What this task involves = From the line that includes "dimension line sits" down to the final line of the data below, copy every line exactly and leave the rest out.

Entries taken from a collection:

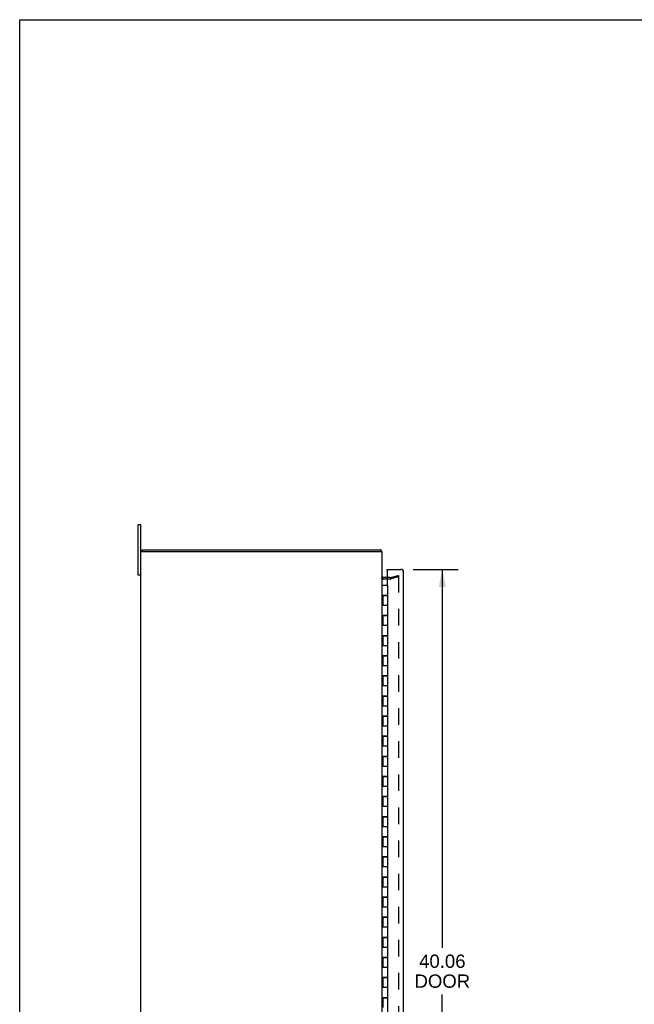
# Model space of a CAD drawing. Header units: inches. Extents: x 0 to 150, y 0 to 97.
# Tile 4 of 7: x 0 to 31, y 48 to 97. Entities that reach past the tile are written whole.
import ezdxf

# ---------------------------------------------------------------- set-up
doc = ezdxf.new("R2010")
doc.units = ezdxf.units.IN
doc.header["$LTSCALE"] = 8.228
doc.header["$MEASUREMENT"] = 0
doc.linetypes.add('HIDDEN', pattern=[0.2, 0.1, -0.1])
doc.layers.get('0').update_dxf_attribs({"linetype": 'CONTINUOUS'})
for name, color, linetype in [('DEFAULT_2', 8, 'HIDDEN'), ('DIMENSIONS', 7, 'CONTINUOUS'), ('DOOR_ASSEMBLY', 7, 'CONTINUOUS')]:
    doc.layers.add(name, color=color, linetype=linetype)
doc.styles.get("Standard").update_dxf_attribs({"font": 'arial.ttf'})
doc.dimstyles.new('DIMSTYLE_1', dxfattribs={"dimtxt": 0.66, "dimasz": 0.88, "dimexe": 0.09, "dimexo": 0.07, "dimgap": 0.0375, "dimtad": 0, "dimtih": 1, "dimtoh": 1, "dimzin": 4, "dimdsep": 46, "dimtxsty": 'Standard', "dimblk": '_FILLED', "dimblk1": '_FILLED', "dimblk2": '_FILLED', "dimcen": 0.09, "dimazin": 1, "dimtfac": 1, "dimtdec": 3, "dimtofl": 0, "dimtmove": 0, "dimatfit": 3, "dimldrblk": '_FILLED', "dimfxl": 0, "dimtolj": 1, "dimtzin": 4, "dimarcsym": 0})

# ---------------------------------------------------------------- blocks, each defined once
blk = doc.blocks.new('_FILLED')
at = {"color": 0, "linetype": 'ByBlock'}
blk.add_solid([(0, 0), (-1, 0.2), (-1, -0.2)], dxfattribs=at)
blk = doc.blocks.new('*D3')
at = {"layer": 'DIMENSIONS', "color": 2, "linetype": 'Continuous'}
for p, q in [((19.559, 69.469), (21.803, 69.469)), ((21.011, 69.469), (21.011, 50.645)), ((21.011, 29.406), (21.011, 48.335)), ((19.559, 29.406), (21.803, 29.406))]:
    blk.add_line(p, q, dxfattribs=at)
at = {"layer": 'DIMENSIONS', "color": 2, "linetype": 'Continuous', "xscale": 0.88, "yscale": 0.88, "zscale": 0.88}
for p, rotation in [((21.011, 69.469), 90), ((21.011, 29.406), 270)]:
    blk.add_blockref('_FILLED', p, dxfattribs=dict(at, rotation=rotation))
at = {"layer": 'DIMENSIONS', "color": 2, "linetype": 'Continuous', "insert": (21.011, 50.315), "char_height": 0.66, "width": 2.76268, "attachment_point": 2, "line_spacing_factor": 0.9}
blk.add_mtext('40.06\\PDOOR', dxfattribs=at)

msp = doc.modelspace()

# ---------------------------------------------------------------- linework, layer by layer
at = {"color": 7, "linetype": 'Continuous'}
for p, q in [((0, 0), (0, 96.8)), ((0, 96.8), (149.6, 96.8)), ((5.885, 69.187), (5.885, 71.687)), ((6.02, 71.687), (5.885, 71.687)), ((6.083, 70.362), (6.083, 70.437)), ((6.02, 69.187), (5.885, 69.187))]:
    msp.add_line(p, q, dxfattribs=at)
at = {"color": 3, "linetype": 'Continuous'}
for p, q in [((6.02, 27.187), (6.02, 71.687)), ((6.02, 70.362), (18.02, 70.362)), ((6.083, 70.437), (17.957, 70.437)), ((18.02, 28.512), (18.02, 70.362)), ((18.263, 69.062), (18.09, 69.062))]:
    msp.add_line(p, q, dxfattribs=at)
for points in [[(17.968, 70.421), (17.967, 70.423), (17.966, 70.425), (17.966, 70.427), (17.965, 70.429), (17.965, 70.431), (17.964, 70.432), (17.963, 70.433), (17.962, 70.435), (17.962, 70.435), (17.961, 70.436), (17.96, 70.437), (17.959, 70.437), (17.958, 70.437), (17.957, 70.437)], [(17.979, 70.394), (17.977, 70.396), (17.976, 70.397), (17.975, 70.399), (17.974, 70.401), (17.973, 70.403), (17.972, 70.406), (17.971, 70.408), (17.97, 70.411), (17.97, 70.413), (17.969, 70.416), (17.968, 70.421)]]:
    msp.add_lwpolyline(points, dxfattribs=at)
for centre, radius, start, end in [((17.875, 70.292), 0.145, 28.8685, 44.6014), ((18.09, 69.132), 0.07, 180, 270)]:
    msp.add_arc(centre, radius, start, end, dxfattribs=at)
at = {"layer": 'DEFAULT_2', "color": 8, "linetype": 'HIDDEN'}
for p, q in [((18.419, 69.062), (18.263, 69.062)), ((18.429, 69.064), (18.813, 69.167)), ((18.833, 69.094), (18.449, 68.991)), ((18.813, 69.167), (18.833, 69.094)), ((18.833, 69.146), (18.833, 29.729)), ((18.419, 68.987), (18.09, 68.987))]:
    msp.add_line(p, q, dxfattribs=at)
for points in [[(18.818, 69.161), (18.818, 69.161), (18.816, 69.161), (18.815, 69.161)], [(18.821, 69.161), (18.82, 69.161), (18.818, 69.161)], [(18.821, 69.161), (18.823, 69.161), (18.825, 69.16), (18.826, 69.159), (18.827, 69.158), (18.829, 69.157), (18.83, 69.156), (18.831, 69.154), (18.831, 69.153), (18.832, 69.151), (18.833, 69.15), (18.833, 69.148), (18.833, 69.146)]]:
    msp.add_lwpolyline(points, dxfattribs=at)
for centre, radius, start, end in [((18.09, 69.132), 0.145, 218.7549, 270), ((18.419, 69.102), 0.04, 270, 285), ((18.419, 69.102), 0.115, 270, 285)]:
    msp.add_arc(centre, radius, start, end, dxfattribs=at)
at = {"layer": 'DOOR_ASSEMBLY', "color": 7, "linetype": 'Continuous'}
for p, q in [((18.263, 69.394), (18.263, 69.469)), ((18.279, 69.394), (18.263, 69.394)), ((18.02, 68.687), (18.301, 68.687)), ((18.301, 68.187), (18.301, 68.687)), ((18.02, 68.187), (18.301, 68.187)), ((18.051, 68.167), (18.051, 67.687)), ((18.051, 68.167), (18.301, 68.167)), ((18.08, 68.187), (18.08, 68.167)), ((18.084, 68.187), (18.084, 68.167)), ((18.113, 68.187), (18.113, 68.167)), ((18.238, 68.187), (18.238, 68.167)), ((18.267, 68.167), (18.267, 68.187)), ((18.301, 67.187), (18.301, 68.167)), ((18.02, 67.687), (18.301, 67.687)), ((18.02, 67.187), (18.301, 67.187)), ((18.051, 67.167), (18.051, 66.687)), ((18.051, 67.167), (18.301, 67.167)), ((18.08, 67.187), (18.08, 67.167)), ((18.113, 67.187), (18.113, 67.167)), ((18.238, 67.187), (18.238, 67.167)), ((18.267, 67.167), (18.267, 67.187)), ((18.301, 66.187), (18.301, 67.167)), ((18.02, 66.687), (18.301, 66.687)), ((18.02, 66.187), (18.301, 66.187)), ((18.051, 66.167), (18.051, 65.687)), ((18.051, 66.167), (18.301, 66.167)), ((18.08, 66.187), (18.08, 66.167)), ((18.113, 66.187), (18.113, 66.167)), ((18.238, 66.187), (18.238, 66.167)), ((18.267, 66.167), (18.267, 66.187)), ((18.301, 65.187), (18.301, 66.167)), ((18.02, 65.687), (18.301, 65.687)), ((18.02, 65.187), (18.301, 65.187)), ((18.051, 65.167), (18.051, 64.687)), ((18.051, 65.167), (18.301, 65.167)), ((18.08, 65.187), (18.08, 65.167)), ((18.113, 65.187), (18.113, 65.167)), ((18.238, 65.187), (18.238, 65.167)), ((18.267, 65.167), (18.267, 65.187)), ((18.301, 64.187), (18.301, 65.167)), ((18.02, 64.687), (18.301, 64.687)), ((18.02, 64.187), (18.301, 64.187)), ((18.051, 64.167), (18.051, 63.687)), ((18.051, 64.167), (18.301, 64.167)), ((18.08, 64.187), (18.08, 64.167)), ((18.113, 64.187), (18.113, 64.167)), ((18.238, 64.187), (18.238, 64.167)), ((18.267, 64.167), (18.267, 64.187)), ((18.301, 63.187), (18.301, 64.167)), ((18.02, 63.687), (18.301, 63.687)), ((18.02, 63.187), (18.301, 63.187)), ((18.051, 63.167), (18.051, 62.687)), ((18.051, 63.167), (18.301, 63.167)), ((18.08, 63.187), (18.08, 63.167)), ((18.113, 63.187), (18.113, 63.167)), ((18.238, 63.187), (18.238, 63.167)), ((18.267, 63.167), (18.267, 63.187)), ((18.301, 62.187), (18.301, 63.167)), ((18.02, 62.687), (18.301, 62.687)), ((18.02, 62.187), (18.301, 62.187)), ((18.08, 62.187), (18.08, 62.167)), ((18.113, 62.187), (18.113, 62.167)), ((18.238, 62.187), (18.238, 62.167)), ((18.267, 62.167), (18.267, 62.187)), ((18.051, 62.167), (18.051, 61.687)), ((18.051, 62.167), (18.301, 62.167)), ((18.301, 61.187), (18.301, 62.167)), ((18.02, 61.687), (18.301, 61.687)), ((18.02, 61.187), (18.301, 61.187)), ((18.051, 61.167), (18.051, 60.687)), ((18.051, 61.167), (18.301, 61.167)), ((18.08, 61.187), (18.08, 61.167)), ((18.113, 61.187), (18.113, 61.167)), ((18.238, 61.187), (18.238, 61.167)), ((18.267, 61.167), (18.267, 61.187)), ((18.301, 60.187), (18.301, 61.167)), ((18.02, 60.687), (18.301, 60.687)), ((18.02, 60.187), (18.301, 60.187)), ((18.051, 60.167), (18.051, 59.687)), ((18.051, 60.167), (18.301, 60.167)), ((18.08, 60.187), (18.08, 60.167)), ((18.113, 60.187), (18.113, 60.167)), ((18.238, 60.187), (18.238, 60.167)), ((18.267, 60.167), (18.267, 60.187)), ((18.301, 59.187), (18.301, 60.167)), ((18.02, 59.687), (18.301, 59.687)), ((18.02, 59.187), (18.301, 59.187)), ((18.051, 59.167), (18.051, 58.687)), ((18.051, 59.167), (18.301, 59.167)), ((18.08, 59.187), (18.08, 59.167)), ((18.113, 59.187), (18.113, 59.167)), ((18.238, 59.187), (18.238, 59.167)), ((18.267, 59.167), (18.267, 59.187)), ((18.301, 58.187), (18.301, 59.167)), ((18.02, 58.687), (18.301, 58.687)), ((18.02, 58.187), (18.301, 58.187)), ((18.051, 58.167), (18.051, 57.687)), ((18.051, 58.167), (18.301, 58.167)), ((18.08, 58.187), (18.08, 58.167)), ((18.113, 58.187), (18.113, 58.167)), ((18.238, 58.187), (18.238, 58.167)), ((18.267, 58.167), (18.267, 58.187)), ((18.301, 57.187), (18.301, 58.167)), ((18.02, 57.687), (18.301, 57.687)), ((18.02, 57.187), (18.301, 57.187)), ((18.051, 57.167), (18.051, 56.687)), ((18.051, 57.167), (18.301, 57.167)), ((18.08, 57.187), (18.08, 57.167)), ((18.113, 57.187), (18.113, 57.167)), ((18.238, 57.187), (18.238, 57.167)), ((18.267, 57.167), (18.267, 57.187)), ((18.301, 56.187), (18.301, 57.167)), ((18.02, 56.687), (18.301, 56.687)), ((18.02, 56.187), (18.301, 56.187)), ((18.051, 56.167), (18.051, 55.687)), ((18.051, 56.167), (18.301, 56.167)), ((18.08, 56.187), (18.08, 56.167)), ((18.113, 56.187), (18.113, 56.167)), ((18.238, 56.187), (18.238, 56.167)), ((18.267, 56.167), (18.267, 56.187)), ((18.301, 55.187), (18.301, 56.167)), ((18.02, 55.687), (18.301, 55.687)), ((18.02, 55.187), (18.301, 55.187)), ((18.051, 55.167), (18.051, 54.687)), ((18.051, 55.167), (18.301, 55.167)), ((18.08, 55.187), (18.08, 55.167)), ((18.113, 55.187), (18.113, 55.167)), ((18.238, 55.187), (18.238, 55.167)), ((18.267, 55.167), (18.267, 55.187)), ((18.301, 54.187), (18.301, 55.167)), ((18.02, 54.687), (18.301, 54.687)), ((18.02, 54.187), (18.301, 54.187)), ((18.051, 54.167), (18.051, 53.687)), ((18.051, 54.167), (18.301, 54.167)), ((18.08, 54.187), (18.08, 54.167)), ((18.113, 54.187), (18.113, 54.167)), ((18.238, 54.187), (18.238, 54.167)), ((18.267, 54.167), (18.267, 54.187)), ((18.301, 53.187), (18.301, 54.167)), ((18.02, 53.687), (18.301, 53.687)), ((18.02, 53.187), (18.301, 53.187)), ((18.051, 53.167), (18.051, 52.687)), ((18.051, 53.167), (18.301, 53.167)), ((18.08, 53.187), (18.08, 53.167)), ((18.084, 53.187), (18.084, 53.167)), ((18.113, 53.187), (18.113, 53.167)), ((18.238, 53.187), (18.238, 53.167)), ((18.267, 53.167), (18.267, 53.187)), ((18.301, 52.187), (18.301, 53.167)), ((18.02, 52.687), (18.301, 52.687)), ((18.02, 52.187), (18.301, 52.187)), ((18.051, 52.167), (18.301, 52.167)), ((18.051, 52.167), (18.051, 51.687)), ((18.08, 52.187), (18.08, 52.167)), ((18.113, 52.187), (18.113, 52.167)), ((18.238, 52.187), (18.238, 52.167)), ((18.267, 52.167), (18.267, 52.187)), ((18.301, 51.187), (18.301, 52.167)), ((18.02, 51.687), (18.301, 51.687)), ((18.02, 51.187), (18.301, 51.187)), ((18.051, 51.167), (18.301, 51.167)), ((18.051, 51.167), (18.051, 50.687)), ((18.08, 51.187), (18.08, 51.167)), ((18.113, 51.187), (18.113, 51.167)), ((18.238, 51.187), (18.238, 51.167)), ((18.267, 51.167), (18.267, 51.187)), ((18.301, 50.187), (18.301, 51.167)), ((18.02, 50.687), (18.301, 50.687)), ((18.02, 50.187), (18.301, 50.187)), ((18.051, 50.167), (18.301, 50.167)), ((18.051, 50.167), (18.051, 49.687)), ((18.08, 50.187), (18.08, 50.167)), ((18.113, 50.187), (18.113, 50.167)), ((18.238, 50.187), (18.238, 50.167)), ((18.267, 50.167), (18.267, 50.187)), ((18.301, 49.187), (18.301, 50.167)), ((18.02, 49.687), (18.301, 49.687)), ((18.02, 49.187), (18.301, 49.187)), ((18.051, 49.167), (18.301, 49.167)), ((18.051, 49.167), (18.051, 48.687)), ((18.08, 49.187), (18.08, 49.167)), ((18.113, 49.187), (18.113, 49.167)), ((18.238, 49.187), (18.238, 49.167)), ((18.267, 49.167), (18.267, 49.187)), ((18.301, 48.187), (18.301, 49.167)), ((18.02, 48.687), (18.301, 48.687)), ((18.02, 48.187), (18.301, 48.187)), ((18.051, 48.167), (18.301, 48.167)), ((18.051, 48.167), (18.051, 47.687)), ((18.08, 48.187), (18.08, 48.167)), ((18.113, 48.187), (18.113, 48.167)), ((18.238, 48.187), (18.238, 48.167)), ((18.267, 48.167), (18.267, 48.187)), ((18.301, 47.187), (18.301, 48.167))]:
    msp.add_line(p, q, dxfattribs=at)
at = {"layer": 'DOOR_ASSEMBLY', "color": 3, "linetype": 'Continuous'}
for p, q in [((18.263, 69.469), (18.943, 69.469)), ((18.263, 69.378), (18.263, 68.687)), ((19.088, 29.551), (19.088, 69.324))]:
    msp.add_line(p, q, dxfattribs=at)
for centre, radius, start, end in [((18.279, 69.378), 0.0156, 90, 180), ((18.943, 69.324), 0.145, 0, 90)]:
    msp.add_arc(centre, radius, start, end, dxfattribs=at)

# ---------------------------------------------------------------- dimensions: what is measured, and where the dimension line sits
at = {"layer": 'DIMENSIONS', "color": 2, "linetype": 'Continuous'}
dim = msp.add_linear_dim(base=(21.011, 29.406), p1=(19.489, 69.469), p2=(19.489, 29.406), angle=270, text='<>\\PDOOR', dimstyle='DIMSTYLE_1', dxfattribs=at)
dim.commit()
dim.dimension.update_dxf_attribs({"geometry": '*D3', "text_midpoint": (21.011, 49.49), "dimtype": 160})

doc.saveas('drawing.dxf')

Answer to the exercise =
# ---------------------------------------------------------------- dimensions: what is measured, and where the dimension line sits
at = {"layer": 'DIMENSIONS', "color": 2, "linetype": 'Continuous'}
dim = msp.add_linear_dim(base=(21.011, 29.406), p1=(19.489, 69.469), p2=(19.489, 29.406), angle=270, text='<>\\PDOOR', dimstyle='DIMSTYLE_1', dxfattribs=at)
dim.commit()
dim.dimension.update_dxf_attribs({"geometry": '*D3', "text_midpoint": (21.011, 49.49), "dimtype": 160})

doc.saveas('drawing.dxf')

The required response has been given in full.